For TUBB activity prediction, GES models yielded BA between 0.81 and 0.88 depending on the cell line dataset, which was among the 10 best GES models. Interestingly, their counterpart Morgan FP models were not significantly underperforming (BA ranging from 0.78 to 0.82). Even though the TUBB active structures are diverse, the models still managed to identify structural fragments that could produce such predictive performance.

For DRD1 activity prediction, Morgan FP models yielded BA between 0.68 and 0.74 depending on the cell line dataset, and were always better than their counterpart GES model, with a BA ranging from 0.58 to 0.64.

Overall, we conclude that it was possible to build GES models with acceptable performances, performing similarly or better than their counterpart Morgan FP models in 25% of the target prediction tasks. Moreover, we see an important advantage in the GES models: they are theoretically performing independently of the chemical space considered, allowing target identification of new compounds even if their corresponding structural diversity is not represented in the training set.

Rationalizing Model Performances Using Distance Plots

To further describe and understand the reasons for the differences in performances between GES model and Morgan FP model, for every dataset used in each cell line—target combinations, Morgan fingerprints Dice distance was plotted against GES cosine distance between each pair of active compounds in the given dataset.

Generated distance plots were split in 4 quadrants separated by a 0.5 threshold for Dice distance (dotted vertical line) and a 0.5 threshold for cosine distance (dotted horizontal line).
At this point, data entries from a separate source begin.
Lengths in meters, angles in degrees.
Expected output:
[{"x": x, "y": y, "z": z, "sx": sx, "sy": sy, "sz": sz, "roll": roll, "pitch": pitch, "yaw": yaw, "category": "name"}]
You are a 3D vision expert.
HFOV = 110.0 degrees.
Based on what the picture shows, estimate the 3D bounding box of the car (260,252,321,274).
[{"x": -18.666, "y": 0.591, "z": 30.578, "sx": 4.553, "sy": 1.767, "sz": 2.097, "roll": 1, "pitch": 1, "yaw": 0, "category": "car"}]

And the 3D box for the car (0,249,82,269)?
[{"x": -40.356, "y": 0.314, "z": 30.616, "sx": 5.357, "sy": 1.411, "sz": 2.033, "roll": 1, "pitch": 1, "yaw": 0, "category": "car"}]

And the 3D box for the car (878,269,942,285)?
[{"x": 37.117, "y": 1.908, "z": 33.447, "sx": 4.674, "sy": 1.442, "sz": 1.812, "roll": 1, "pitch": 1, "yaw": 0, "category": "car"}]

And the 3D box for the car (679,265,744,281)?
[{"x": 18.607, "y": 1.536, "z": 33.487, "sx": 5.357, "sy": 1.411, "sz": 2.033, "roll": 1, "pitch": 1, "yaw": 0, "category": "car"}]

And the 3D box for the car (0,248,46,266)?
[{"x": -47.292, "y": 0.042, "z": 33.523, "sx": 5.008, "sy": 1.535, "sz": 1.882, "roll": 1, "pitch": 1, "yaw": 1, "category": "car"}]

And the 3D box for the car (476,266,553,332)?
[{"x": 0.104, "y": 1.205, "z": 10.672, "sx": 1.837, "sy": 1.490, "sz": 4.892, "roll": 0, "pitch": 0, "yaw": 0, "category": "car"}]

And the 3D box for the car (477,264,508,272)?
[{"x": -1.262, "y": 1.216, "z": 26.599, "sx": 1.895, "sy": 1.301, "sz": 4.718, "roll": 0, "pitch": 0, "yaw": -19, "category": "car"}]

Data points in top right (Quadrant I) represent pairs of active compounds showing diverse structures and different GESs in the considered cell line and contains most of compound pairs (average of 95.1%). Data points in top left (Quadrant II) represent pairs of active compounds showing similar structures while showing diverse GESs in the considered cell line (average of 1.9%). Data points in bottom left (Quadrant III) represents pairs of active compounds showing similar structures and similar GESs in the considered cell line and contains least compound pairs (average of 0.5%). Data points in bottom right (Quadrant IV) represents pairs of active compounds showing similar GESs while having different structures (average of 2.5%). Intuitively, we think that sample similarity within the same class (here: actives) is a good indicator to know if a machine learning model will be able to properly predict samples from this class.

Overall, the mean percentage of compound pairs (active and inactives) were 99.3, 0.3, 0.01 and 0.4% for quadrants I, II, III and IV respectively. Based on this dataset, compounds active toward a molecular target have on average more similar structures and GESs than the totality of the compounds.

We expected to reach good Morgan FP model prediction for combinations having a high proportion of points in quadrants II and III (similar structures), and good GES model prediction for combinations having a high proportion of points in quadrants III and IV (similar GESs). We evaluated the use of distance plots on the three targets and three cell lines used in previous space plots (Figures 3, 5). Similar work was performed using not only active compounds, but all compounds having at least one annotation for each of the three previously described targets, shown in Supplementary Figure 2.

For NR3C1 distance plots, there are approximately 10% of compound pairs in quadrants II and III of the 3 plots (Figures 6A–C), coherent with good Morgan FP model performances. However, depending on which cell line the GESs were generated from, there were different proportions of compound pairs in quadrants III and IV: there are 20% of pairs for A549, and only 1% of pairs in MCF7. This is in agreement with what was observed in model performances: performance of GES models using the A549 dataset (BA = 0.77) was much better than performances using MCF7 dataset (BA = 0.60). Surprisingly, prediction using GESs from the PC3 dataset showed good performances (BA = 0.73), even though the proportion of active compound pairs in quadrants III and IV was around 1% (similar to the proportion observed for the MCF7 dataset that showed worse performances). This suggests that the GES model built with PC3 was able to capture a subset of genes to discriminate active compounds from inactives, even with active compounds showing different GESs.

FIGURE 6

Figure 6. Morgan fingerprints Dice distance vs. GES cosine distance (distance plots). Different panels show information for pairs of NR3C1 (A–C), TUBB (D–F), and DRD1 (G–I); active compounds in A549 (A,D,G), MCF7 (B,E,H), and PC3 (C,F,I) cell lines.

For TUBB distance plots (Figures 6D–F), between 7 and 10% of compound pairs was observed in quadrants II and III, matching the good Morgan FP model performances with the 3 cell line datasets (BA ranging from 0.80 to 0.82). Most importantly, there are between 26 and 40% of compound pairs in quadrants III and IV, echoing the better performances of the GES models in these cell lines (BA ranging from 0.81 to 0.88).

For DRD1 distance plots (Figures 6G–I), 98% of compound pairs are in quadrant I, leaving low number of active compound pairs in the other quadrants (with similar Morgan fingerprints and/or GESs). This is coherent with the average performances of GES (BA ranging from 0.68 to 0.74) and Morgan FP models (BA ranging from 0.58 to 0.64) built for this target.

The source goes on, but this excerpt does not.